◆ EXERCISE REQUIREMENTS
Your output should be the exact lines from the start of the data through the line containing "table_cell [377, 357, 442, 1241]", with no pictures.

◆ RECORDS FOR THIS EXERCISE

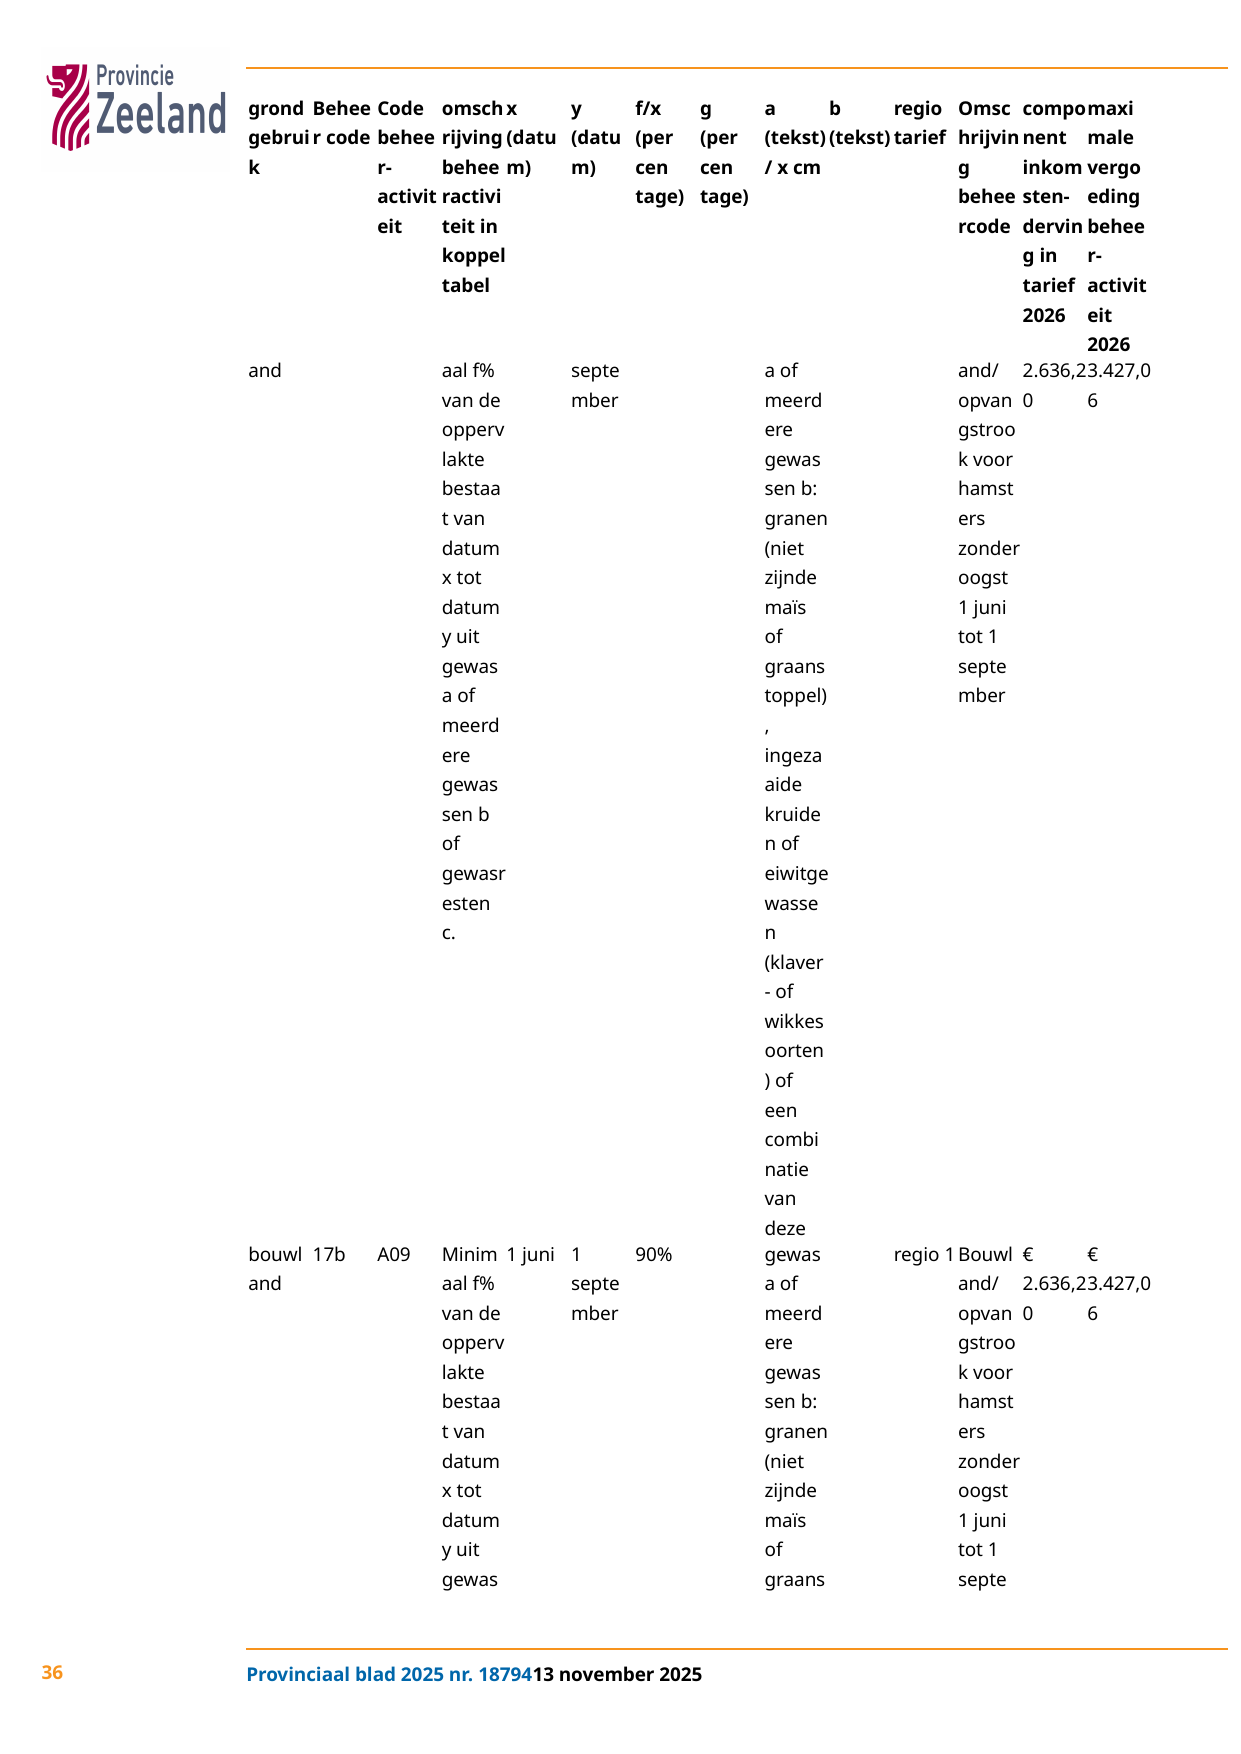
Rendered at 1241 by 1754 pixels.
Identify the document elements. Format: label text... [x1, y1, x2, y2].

table_cell [829, 1241, 893, 1592]
picture [41, 47, 231, 172]
table_header b (tekst) [829, 95, 893, 357]
table_cell [894, 357, 958, 1241]
table_cell bouwland [248, 1241, 312, 1592]
table_header maximale vergoeding beheer-activiteit 2026 [1087, 95, 1152, 357]
table_cell [377, 357, 442, 1241]
table_header Code beheer-activiteit [377, 95, 442, 357]
table_header x (datum) [506, 95, 571, 357]
table_header a (tekst) / x cm [764, 95, 829, 357]
table_cell september [571, 357, 635, 1241]
table_cell [635, 357, 700, 1241]
table_header component inkomsten-derving in tarief 2026 [1023, 95, 1087, 357]
table_cell € 3.427,06 [1087, 1241, 1152, 1592]
table_header f/x (per cen tage) [635, 95, 700, 357]
table_cell gewas a of meerdere gewassen b: granen (niet zijnde maïs of graans [764, 1241, 829, 1592]
table_cell [313, 357, 377, 1241]
table_cell and/opvangstrook voor hamsters zonder oogst 1 juni tot 1 september [958, 357, 1022, 1241]
table_header g (per cen tage) [700, 95, 764, 357]
table_cell A09 [377, 1241, 442, 1592]
table_cell and [248, 357, 312, 1241]
table_cell 1 juni [506, 1241, 571, 1592]
table_header omschrijving beheeractiviteit in koppeltabel [442, 95, 506, 357]
table_header Beheer code [313, 95, 377, 357]
table_cell regio 1 [894, 1241, 958, 1592]
table_cell Minimaal f% van de oppervlakte bestaat van datum x tot datum y uit gewas [442, 1241, 506, 1592]
table_cell [506, 357, 571, 1241]
table_header regio tarief [894, 95, 958, 357]
table_cell [700, 1241, 764, 1592]
table_header grond gebruik [248, 95, 312, 357]
table_header Omschrijving beheercode [958, 95, 1022, 357]
table_cell 3.427,06 [1087, 357, 1152, 1241]
table_cell € 2.636,20 [1023, 1241, 1087, 1592]
table_cell [700, 357, 764, 1241]
table_cell 17b [313, 1241, 377, 1592]
table_cell aal f% van de oppervlakte bestaat van datum x tot datum y uit gewas a of meerdere gewassen b of gewasresten c. [442, 357, 506, 1241]
table_cell [829, 357, 893, 1241]
table_cell Bouwland/opvangstrook voor hamsters zonder oogst 1 juni tot 1 septe [958, 1241, 1022, 1592]
table_cell 1 september [571, 1241, 635, 1592]
table_cell 90% [635, 1241, 700, 1592]
table_cell a of meerdere gewassen b: granen (niet zijnde maïs of graanstoppel), ingezaaide kruiden of eiwitgewassen (klaver- of wikkesoorten) of een combinatie van deze [764, 357, 829, 1241]
table_header y (datum) [571, 95, 635, 357]
table_cell 2.636,20 [1023, 357, 1087, 1241]
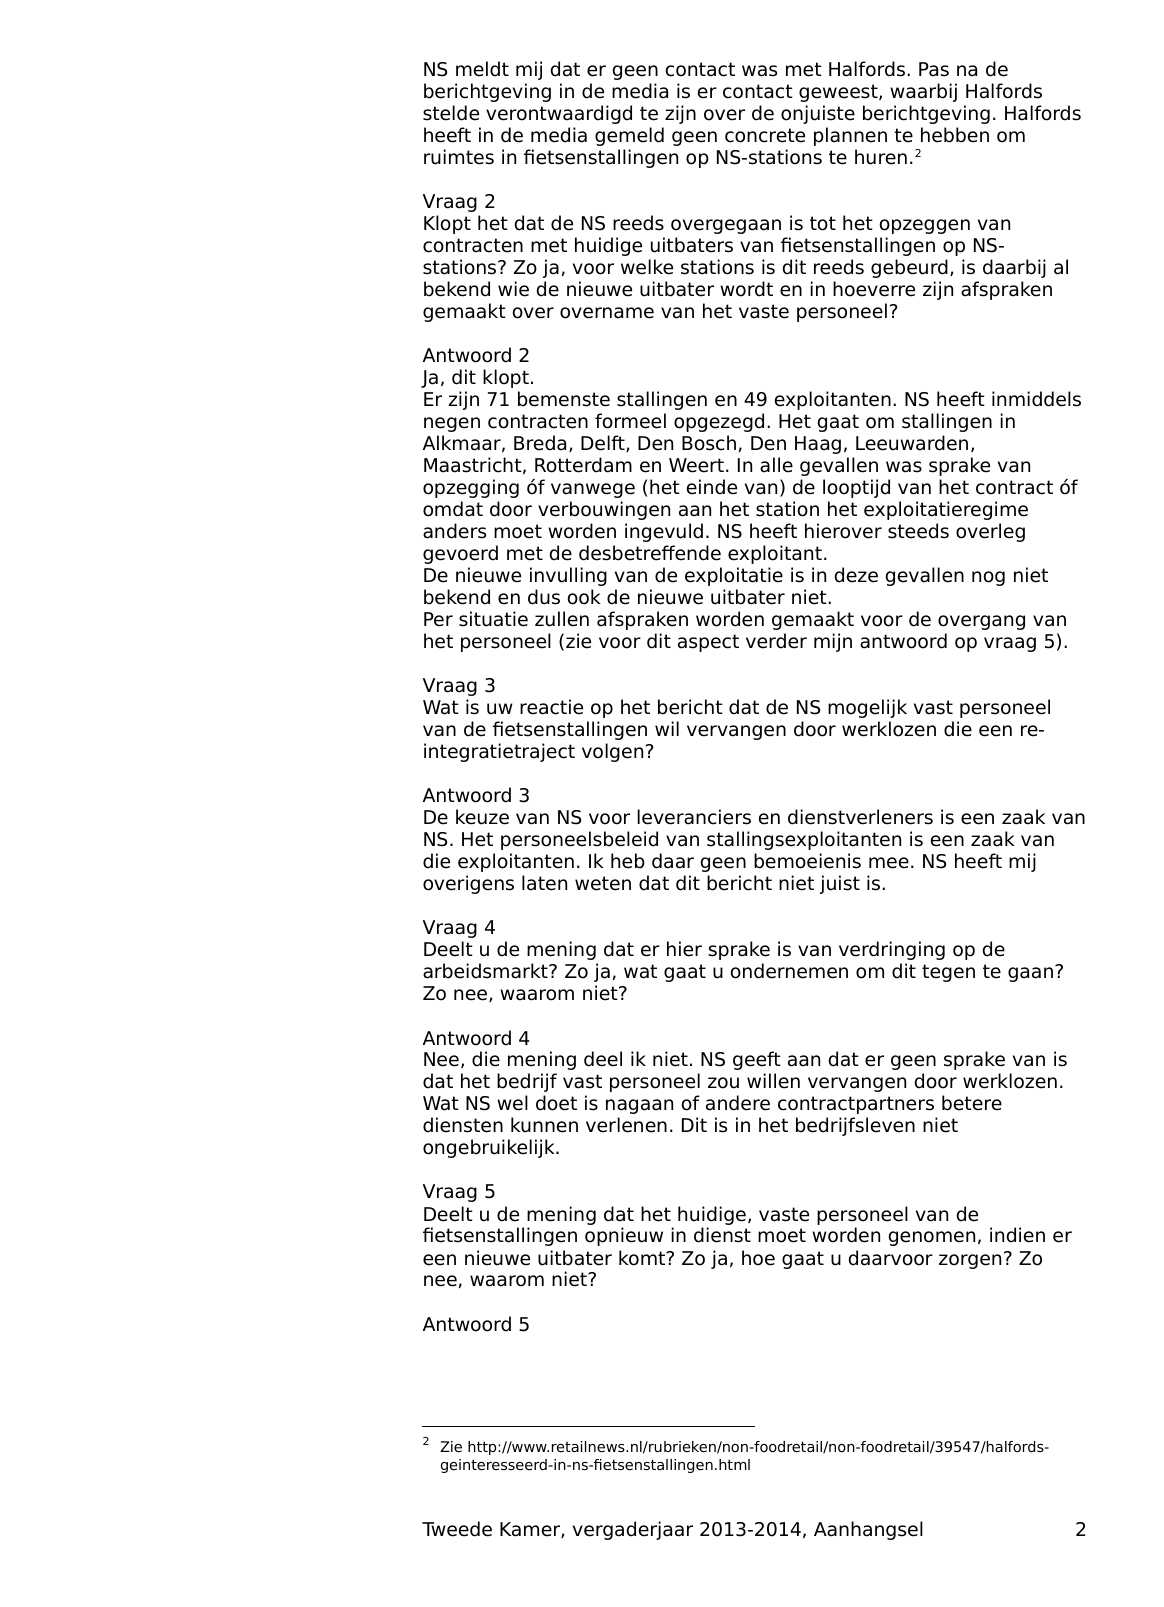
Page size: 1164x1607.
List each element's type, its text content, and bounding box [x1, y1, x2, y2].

text Vraag 2 [422, 191, 1087, 213]
text Antwoord 2 [422, 345, 1087, 367]
text Er zijn 71 bemenste stallingen en 49 exploitanten. NS heeft inmiddels negen contracten formeel opgezegd. Het gaat om stallingen in Alkmaar, Breda, Delft, Den Bosch, Den Haag, Leeuwarden, Maastricht, Rotterdam en Weert. In alle gevallen was sprake van opzegging óf vanwege (het einde van) de looptijd van het contract óf omdat door verbouwingen aan het station het exploitatieregime anders moet worden ingevuld. NS heeft hierover steeds overleg gevoerd met de desbetreffende exploitant. [422, 389, 1087, 565]
text Antwoord 4 [422, 1027, 1087, 1049]
text Wat is uw reactie op het bericht dat de NS mogelijk vast personeel van de fietsenstallingen wil vervangen door werklozen die een re-integratietraject volgen? [422, 697, 1087, 763]
text De nieuwe invulling van de exploitatie is in deze gevallen nog niet bekend en dus ook de nieuwe uitbater niet. [422, 565, 1087, 609]
text Ja, dit klopt. [422, 367, 1087, 389]
text Deelt u de mening dat er hier sprake is van verdringing op de arbeidsmarkt? Zo ja, wat gaat u ondernemen om dit tegen te gaan? Zo nee, waarom niet? [422, 939, 1087, 1005]
text Vraag 3 [422, 675, 1087, 697]
text Zie http://www.retailnews.nl/rubrieken/non-foodretail/non-foodretail/39547/halfords-geinteresseerd-in-ns-fietsenstallingen.html [422, 1435, 1087, 1474]
text Vraag 5 [422, 1181, 1087, 1203]
text De keuze van NS voor leveranciers en dienstverleners is een zaak van NS. Het personeelsbeleid van stallingsexploitanten is een zaak van die exploitanten. Ik heb daar geen bemoeienis mee. NS heeft mij overigens laten weten dat dit bericht niet juist is. [422, 807, 1087, 895]
text Antwoord 5 [422, 1313, 1087, 1336]
text Klopt het dat de NS reeds overgegaan is tot het opzeggen van contracten met huidige uitbaters van fietsenstallingen op NS-stations? Zo ja, voor welke stations is dit reeds gebeurd, is daarbij al bekend wie de nieuwe uitbater wordt en in hoeverre zijn afspraken gemaakt over overname van het vaste personeel? [422, 213, 1087, 323]
text NS meldt mij dat er geen contact was met Halfords. Pas na de berichtgeving in de media is er contact geweest, waarbij Halfords stelde verontwaardigd te zijn over de onjuiste berichtgeving. Halfords heeft in de media gemeld geen concrete plannen te hebben om ruimtes in fietsenstallingen op NS-stations te huren. [422, 59, 1087, 169]
text Antwoord 3 [422, 785, 1087, 807]
text Deelt u de mening dat het huidige, vaste personeel van de fietsenstallingen opnieuw in dienst moet worden genomen, indien er een nieuwe uitbater komt? Zo ja, hoe gaat u daarvoor zorgen? Zo nee, waarom niet? [422, 1203, 1087, 1291]
text Per situatie zullen afspraken worden gemaakt voor de overgang van het personeel (zie voor dit aspect verder mijn antwoord op vraag 5). [422, 609, 1087, 653]
text Vraag 4 [422, 917, 1087, 939]
text Nee, die mening deel ik niet. NS geeft aan dat er geen sprake van is dat het bedrijf vast personeel zou willen vervangen door werklozen. Wat NS wel doet is nagaan of andere contractpartners betere diensten kunnen verlenen. Dit is in het bedrijfsleven niet ongebruikelijk. [422, 1049, 1087, 1159]
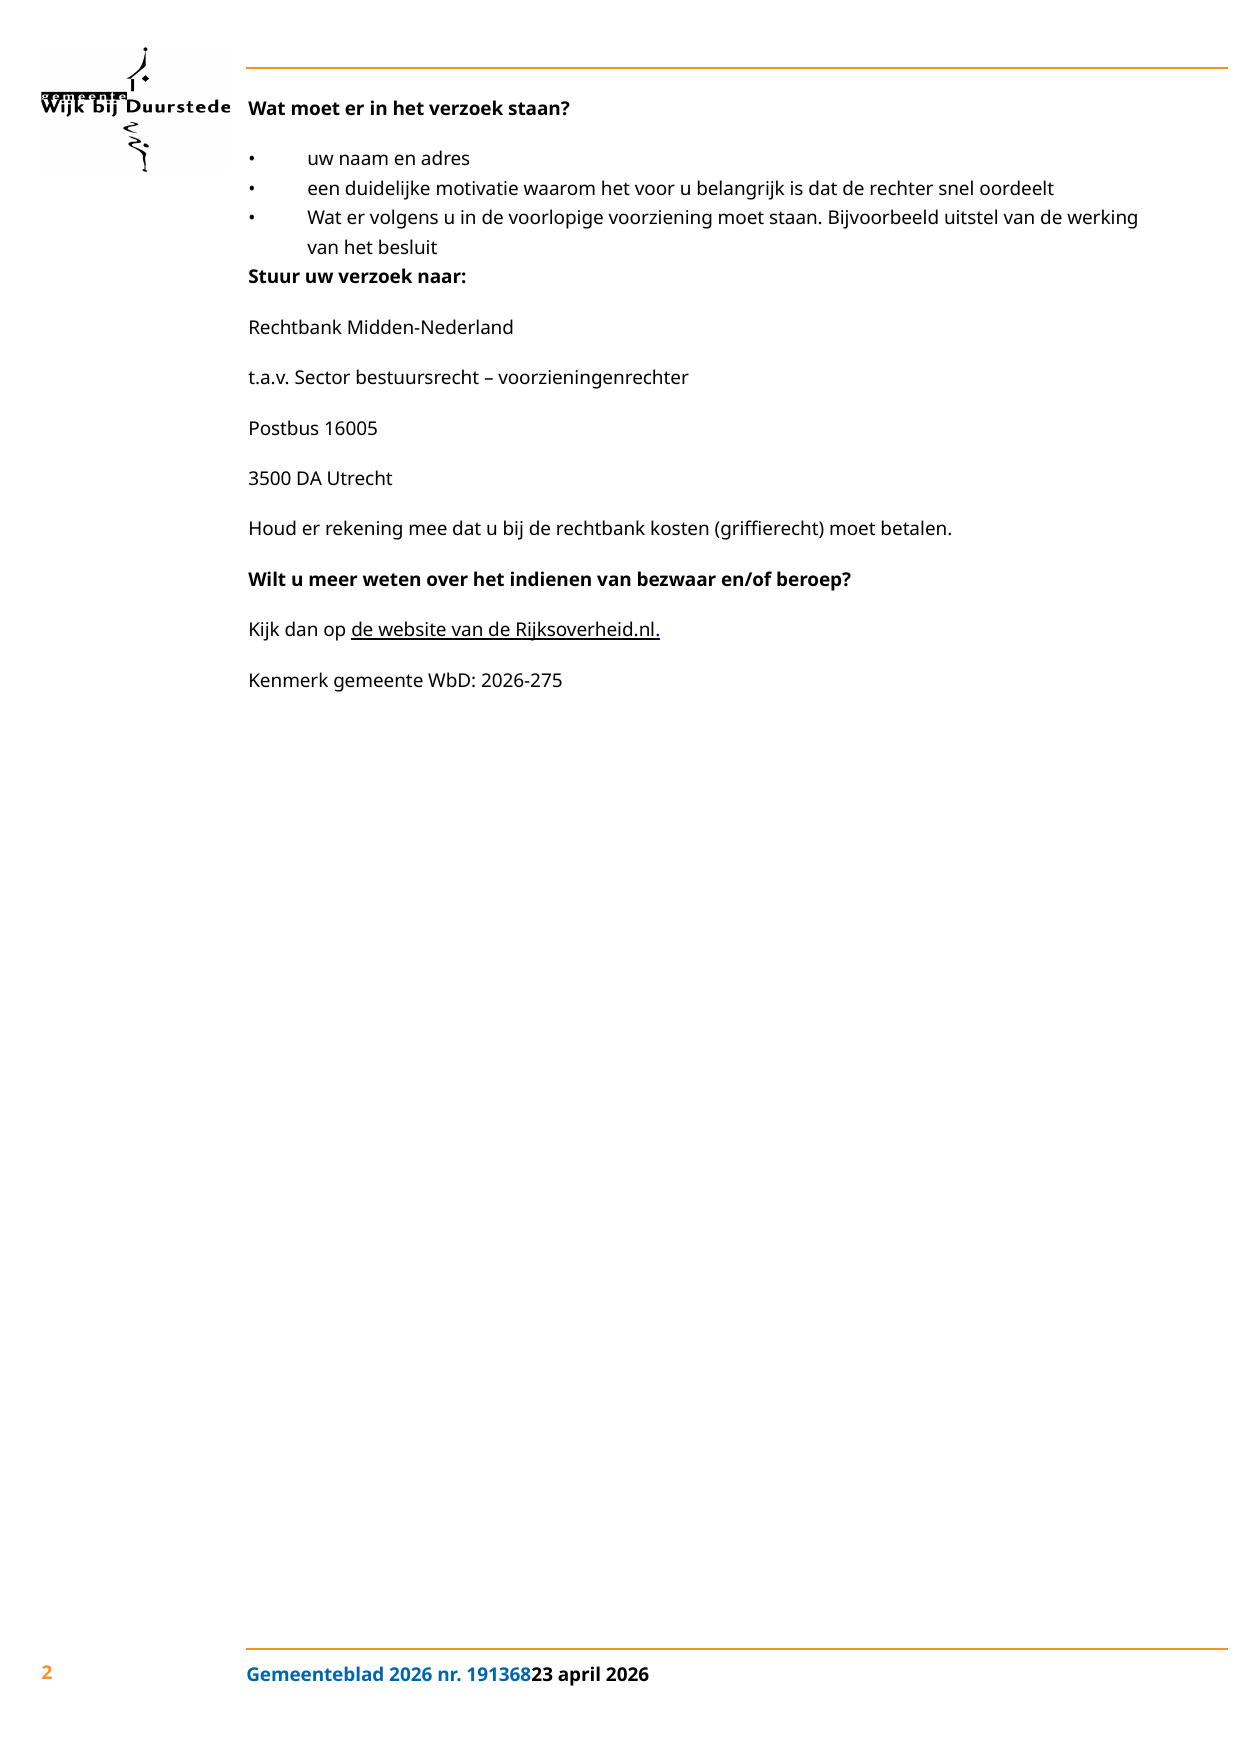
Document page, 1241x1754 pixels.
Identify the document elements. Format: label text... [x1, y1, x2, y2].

text 3500 DA Utrecht [248, 465, 1152, 491]
text Kijk dan op de website van de Rijksoverheid.nl. [248, 616, 1152, 642]
text t.a.v. Sector bestuursrecht – voorzieningenrechter [248, 364, 1152, 390]
text Wat moet er in het verzoek staan? [248, 95, 1152, 121]
text Postbus 16005 [248, 415, 1152, 441]
text Houd er rekening mee dat u bij de rechtbank kosten (griffierecht) moet betalen. [248, 516, 1152, 541]
list een duidelijke motivatie waarom het voor u belangrijk is dat de rechter snel oordeelt [248, 175, 1152, 201]
text Kenmerk gemeente WbD: 2026-275 [248, 667, 1152, 693]
picture [41, 47, 231, 172]
text Wilt u meer weten over het indienen van bezwaar en/of beroep? [248, 566, 1152, 592]
list Wat er volgens u in de voorlopige voorziening moet staan. Bijvoorbeeld uitstel van de werking van het besluit [248, 204, 1152, 260]
text Stuur uw verzoek naar: [248, 263, 1152, 289]
text Rechtbank Midden-Nederland [248, 314, 1152, 340]
list uw naam en adres [248, 145, 1152, 171]

◆ SOLUTION TO THE PROBLEM
Rendered at 1241 by 1754 pixels.
Identify the document elements. Format: label text... [x1, y1, x2, y2].

table_cell [829, 1241, 893, 1592]
picture [41, 47, 231, 172]
table_header b (tekst) [829, 95, 893, 357]
table_cell [894, 357, 958, 1241]
table_cell bouwland [248, 1241, 312, 1592]
table_header maximale vergoeding beheer-activiteit 2026 [1087, 95, 1152, 357]
table_cell [377, 357, 442, 1241]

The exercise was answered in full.